The theory is that suppose we find the square-root of A, and we have already subtracted a square of U from it, then the residue is then greater than 2Ud+d², since this will convert A=U²+2Ud + d² + r,

In the case of the units column, or low digit, U is a multiple of 10, and we seek to find some d to leave the result less than 2U+d. This is why the divisor is 2U _.

In the case of the high digit T, each time a twistaff is created in U, it is multiplied by 10 to the high position. We are then have T as a multiple of 10.00, and the divisor is 2T + 10×10×d, the trial digit is d, is written to the high digit of the unit dividend. The running divisor is 2T _._0, where these spaces is occupied by 10d expressed in dozens.

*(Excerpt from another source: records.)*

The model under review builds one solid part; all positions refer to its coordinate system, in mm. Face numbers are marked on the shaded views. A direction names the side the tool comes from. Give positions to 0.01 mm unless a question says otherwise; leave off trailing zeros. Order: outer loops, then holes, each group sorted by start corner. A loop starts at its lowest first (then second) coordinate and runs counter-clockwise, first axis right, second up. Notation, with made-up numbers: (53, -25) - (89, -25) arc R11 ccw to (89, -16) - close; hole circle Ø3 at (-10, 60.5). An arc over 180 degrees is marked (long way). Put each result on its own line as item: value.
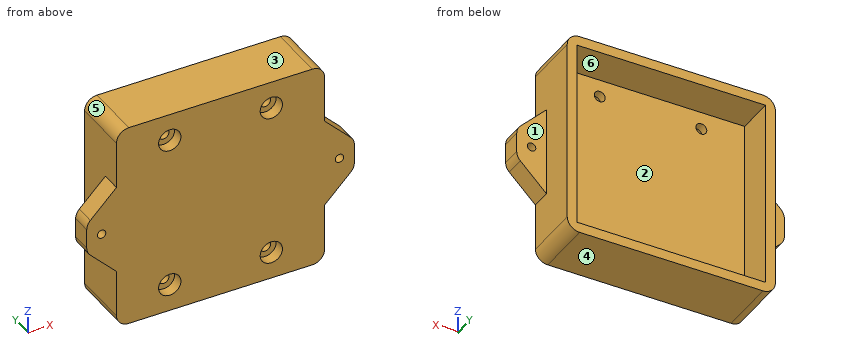
```python
from build123d import *

# Parameters (mm, degrees)
SKETCH1_W           = 84
SKETCH1_H           = 84
SKETCH1_W_2         = 76
SKETCH1_H_2         = 76
SKETCH1_R           = 4.5
SKETCH1_R_2         = 2.2
SKETCH1_W_3         = 12
SKETCH1_H_3         = 12
SKETCH1_R_3         = 1.7
BOSS_EXTRUDE1_DEPTH = 8
SKETCH1_3_W         = 84
SKETCH1_3_H         = 84
SKETCH1_3_W_2       = 76
SKETCH1_3_H_2       = 76
BOSS_EXTRUDE2_DEPTH = 15
SKETCH2_R           = 4.5
CUT_EXTRUDE1_DEPTH  = 4.5
FILLET1_R           = 5


with BuildPart() as part:
    # Sketch1 → Boss-Extrude1 (new body)
    with BuildSketch(Plane(origin=(0, 0, 0), x_dir=(1, 0, 0), z_dir=(0, 1, 0))):
        Rectangle(SKETCH1_W, SKETCH1_H)
        Rectangle(SKETCH1_W_2, SKETCH1_H_2, mode=Mode.SUBTRACT)
        Rectangle(SKETCH1_W_2, SKETCH1_H_2)
        with Locations((20.5, -31)):
            Circle(SKETCH1_R, mode=Mode.SUBTRACT)
        with Locations((-20.5, -31)):
            Circle(SKETCH1_R, mode=Mode.SUBTRACT)
        with Locations((20.5, 31)):
            Circle(SKETCH1_R, mode=Mode.SUBTRACT)
        with Locations((-20.5, 31)):
            Circle(SKETCH1_R, mode=Mode.SUBTRACT)
        with Locations((-20.5, -31)):
            Circle(SKETCH1_R)
        with Locations((-20.5, -31)):
            Circle(SKETCH1_R_2, mode=Mode.SUBTRACT)
        with Locations((-20.5, 31)):
            Circle(SKETCH1_R)
        with Locations((-20.5, 31)):
            Circle(SKETCH1_R_2, mode=Mode.SUBTRACT)
        with Locations((20.5, 31)):
            Circle(SKETCH1_R)
        with Locations((20.5, 31)):
            Circle(SKETCH1_R_2, mode=Mode.SUBTRACT)
        with Locations((20.5, -31)):
            Circle(SKETCH1_R)
        with Locations((20.5, -31)):
            Circle(SKETCH1_R_2, mode=Mode.SUBTRACT)
        Polygon((-42, 6), (-42, 18), (-54, 6), align=None)
        with Locations((-48, 0)):
            Rectangle(SKETCH1_W_3, SKETCH1_H_3)
        with Locations((-48, 0)):
            Circle(SKETCH1_R_3, mode=Mode.SUBTRACT)
        Polygon((-42, -18), (-42, -6), (-54, -6), align=None)
        Polygon((54, 6), (42, 18), (42, 6), align=None)
        with Locations((48, 0)):
            Rectangle(SKETCH1_W_3, SKETCH1_H_3)
        with Locations((48, 0)):
            Circle(SKETCH1_R_3, mode=Mode.SUBTRACT)
        Polygon((54, -6), (42, -6), (42, -18), align=None)
    extrude(amount=-BOSS_EXTRUDE1_DEPTH)

    # Sketch1_3 → Boss-Extrude2 (add)
    with BuildSketch(Plane(origin=(0, 0, 0), x_dir=(1, 0, 0), z_dir=(0, 1, 0))):
        Rectangle(SKETCH1_3_W, SKETCH1_3_H)
        Rectangle(SKETCH1_3_W_2, SKETCH1_3_H_2, mode=Mode.SUBTRACT)
    extrude(amount=BOSS_EXTRUDE2_DEPTH)

    # Sketch2 → Cut-Extrude1 (cut)
    with BuildSketch(Plane.XZ.offset(8)):
        with Locations((-20.5, 31)):
            Circle(SKETCH2_R)
        with Locations((-20.5, -31)):
            Circle(SKETCH2_R)
        with Locations((20.5, -31)):
            Circle(SKETCH2_R)
        with Locations((20.5, 31)):
            Circle(SKETCH2_R)
    extrude(amount=-CUT_EXTRUDE1_DEPTH, mode=Mode.SUBTRACT)

    # Fillet1
    fillet1_edges = [part.edges().sort_by_distance(p)[0] for p in [
        (42, 3.5, 42),
        (-42, 3.5, 42),
        (-54, -4, 6),
        (-54, -4, -6),
        (-42, 3.5, -42),
        (42, 3.5, -42),
        (54, -4, -6),
        (54, -4, 6),
    ]]
    fillet(fillet1_edges, radius=FILLET1_R)


solid = part.part
```
(1) Take a section at C-C, the plane x = -20.5. Write out the cut boundary in (y, z), then the cut area to 3 significant figures.
The answers:
outline: (-8, -42) - (15, -42) - (15, -38) - (0, -38) - (0, -33.2) - (-3.5, -33.2) - (-3.5, -35.5) - (-8, -35.5) - close; (-8, -26.5) - (-3.5, -26.5) - (-3.5, -28.8) - (0, -28.8) - (0, 28.8) - (-3.5, 28.8) - (-3.5, 26.5) - (-8, 26.5) - close; (-8, 35.5) - (-3.5, 35.5) - (-3.5, 33.2) - (0, 33.2) - (0, 38) - (15, 38) - (15, 42) - (-8, 42) - close
area: 680 mm^2
(2) Take a section at D-D, the plane y = 7.25. Write out the cut boundary in (x, z), then the cut area to 3 significant figures.
The answers:
outline: (-42, -37) arc R5 ccw to (-37, -42) - (37, -42) arc R5 ccw to (42, -37) - (42, 37) arc R5 ccw to (37, 42) - (-37, 42) arc R5 ccw to (-42, 37) - close; hole (-38, -38) - (38, -38) - (38, 38) - (-38, 38) - close
area: 1,260 mm^2
(3) Take a section at A-A, the plane x = -48. Write out the cut boundary in (y, z), then the cut area to 3 significant figures.
The answers:
outline: (-8, -12) - (0, -12) - (0, -1.7) - (-8, -1.7) - close; (-8, 1.7) - (0, 1.7) - (0, 12) - (-8, 12) - close
area: 165 mm^2
(4) Clearance check with flat-ended pins moving along their axes: pin 1 Ø2 at (x, z) = (-2.5, -2.5) entering from +Y; pin 2 Ø5.5 at (x, z) = (-20.5, 31) entering from -Y; pin 3 Ø1.5 at (x, y) = (-43, 3) entering from -Z; pin 4 Ø10 at (y, z) = (7.5, -29.5) entering from -X. State where each tip first meets the part, or that it passes through.
The answers:
pin 1: y = 0
pin 2: y = -3.5
pin 3: through
pin 4: x = -42
(5) For the marked faces 5 and 6, list the 3-axis set-ups (+Z, -Z, +X, -X, +Y, -Y) from which the entire face can be reached by the end or side of a thin tool; tool diameter is ignored.
The answers:
face 5: +Z, -X, +Y, -Y
face 6: +Y
(6) The part is to be moulded in two halves that separate along Z. For the marked faces 1, 2, 3 and 4, say which applies: pulls with the +Z half, pulls with the -Z half, needs draft (parallel to the pull), parting line crosses it, or undercut.
The answers:
face 1: needs draft
face 2: undercut
face 3: pulls with the +Z half
face 4: pulls with the -Z half
(7) Take a section at B-B, the plane z = 31. Write out the cut boundary in (x, y), then the cut area to 3 significant figures.
The answers:
outline: (-42, -8) - (-25, -8) - (-25, -3.5) - (-22.7, -3.5) - (-22.7, 0) - (-38, 0) - (-38, 15) - (-42, 15) - close; (-18.3, -3.5) - (-16, -3.5) - (-16, -8) - (16, -8) - (16, -3.5) - (18.3, -3.5) - (18.3, 0) - (-18.3, 0) - close; (22.7, -3.5) - (25, -3.5) - (25, -8) - (42, -8) - (42, 15) - (38, 15) - (38, 0) - (22.7, 0) - close
area: 680 mm^2
(8) Wall thickness on L1, parallel to X at y = -5.25, z = 30.5; L2, parallel to X at y = -1.1, z = 31; L3, parallel to Z at x = 20.5, y = -5.6: over which ranges is each line inside the solid? List them lowest first.
The answers:
L1: -42 to -24.97, -16.03 to 16.03, 24.97 to 42
L2: -42 to -22.7, -18.3 to 18.3, 22.7 to 42
L3: -42 to -35.5, -26.5 to 26.5, 35.5 to 42

The square root is the Unit dividend.

Code: Select all

     T   2  V 1  4
     U    34   16
     R   9 85.10 16
   _._0  7 60          4 × 3.40 is too big
    6_   2.16          divisor is twice 3_
         ----          trial digit is 4 U_
            9.10,16    bring down 4 digits,
   5.8_._0             At this point, U 34 becomes T 2.V
            5.80.V0    divisor is twice 2.V_._0.
           --------    trial digit is 1 T
   68.2_    3.49.36    divisor is 2U of 34.1_
           --------    trial digit is 6 U
       If more digits needed the 16 U becomes 1.4 in T.

Obsessive poster
Obsessive poster
Joined: Sep 10 2011, 11:27 PM

Jan 18 2015, 04:08 PM #6

wendy.krieger @ Jan 14 2015, 10:57 AM wrote: For doing calculations, it is best to leave a space or point to the left of a tens column, such to mind the dozen-carry.
This presumes decimal is the favored base, and dozenal is the afterthought that should be marked with a guide. As dozenalists, we might prefer assuming dozenal base for most computations, and want to look at a switch to a decimal column as being a "downgrade" that should be marked.
As of 1202/03/01[z]=2018/03/01[d] I use:
ten,eleven = ↊↋, ᘔƐ, ӾƐ, XE or AB.
Base-neutral base annotations
Systematic Dozenal Nomenclature
Primel Metrology
Western encoding (not by choice)
Greasemonkey + Mathjax + PrimelDozenator
(Links to these and other useful topics are in my index post;
click on my user name and go to my "Website" link)

Dozens Demigod
Dozens Demigod
Joined: Apr 11 2006, 12:29 PM

Jul 7 2017, 12:23 PM #7

Let's hear about twelfty here, Wendy. You've explained it here and there and it ought to be gathered here so we can read about it in one place. Treisaran had done some work on it.